清闺皱眉看着自己的袖子,特想赏他两巴掌,可是人家好歹对她有恩啊,这么对待一个恩人也太无耻了吧,正犹豫要不要扇,忽然旁边有人甩开他的手,抬头一看,原来是容屿,容屿端过她的手臂,很不客气道:“大白天拉拉扯扯,你想干什么。”
“不干什么,我在跟我娘子说话。”
“娘子?”容屿仿佛听到了天大的笑话:“不要一见到漂亮姑娘就说是你娘子,天底下的美女多得是,你都认回去,你有能力让她们幸福吗?还有,我昨儿问了清闺,清闺说她根本不认识你,你竟然敢行骗?从哪冒出来就滚到哪里去,不要逼我。”说罢,揽着清闺的腰道:”走,咱们流云阁去,看看我给你准备什么?”
“好。
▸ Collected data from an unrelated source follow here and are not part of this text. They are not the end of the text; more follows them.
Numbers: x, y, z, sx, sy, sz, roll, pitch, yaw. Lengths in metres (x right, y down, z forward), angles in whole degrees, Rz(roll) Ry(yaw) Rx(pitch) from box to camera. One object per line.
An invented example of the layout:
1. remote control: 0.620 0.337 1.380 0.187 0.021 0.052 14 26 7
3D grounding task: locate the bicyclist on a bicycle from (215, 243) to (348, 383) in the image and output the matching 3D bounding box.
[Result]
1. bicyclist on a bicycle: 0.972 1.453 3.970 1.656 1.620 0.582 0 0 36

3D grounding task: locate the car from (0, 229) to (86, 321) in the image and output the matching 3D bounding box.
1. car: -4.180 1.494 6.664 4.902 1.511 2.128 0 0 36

”
两人举止亲密的走了,施落一急,上去拦道:“虽然你是国主,可是有些话我还是要说,清闺是我娘子,你怎么可以抱着我的娘子?你快放开她,不然我跟你没完。”
“哦?是吗?好,我给你一次挑战我的机会。”末了又道:“我不动别人,就单单我跟你的挑战,输了永远都不许再来纠缠。”
“呀--”施落举着拳,愤愤的冲了上去,容屿犀利的眸子一闪,一袖子把他摔倒在地,施落不屈不饶,爬起来继续,结果每次都屡屡摔倒在地,摔到最后彻底起不来了,他气愤急了,开始嘴巴上占便宜:“打死我吧,有本事直接打死我算了,师徒乱伦,天理不容。”
“你说什么?”容屿脸色一变,抬脚便朝施落踹去,施落蜷在地上,任人宰割,就跟烧透透的河虾一样,清闺发现他们有些过分了,就阻拦道:“师父,还是算了吧,他对弟子有恩,恩将仇报这事传出去我们也没理。”
容屿想想也是,就收手道:“今天看在清闺的面子上姑且饶了你,以后再让我看见你出现在他身边,我定然让你求生不得求死不能。”说罢,对清闺笑道:“走,别管他。”
望着娘子被领走,施落心里悲凉万分,他是很痴,甚至在她面前就跟一岁半的傻子一样,可是他们凭什么以为他真的傻?每个人都有爱和被爱的权利,他们凭什么去践踏?有权就很了不起吗?有权就能光天化日抢走他的娘子?
也许真的很生气,他狼狈的锤着地,把周围的小草都锤死了,等着吧等着吧,是他的始终是他的,总有一天他会得到她的。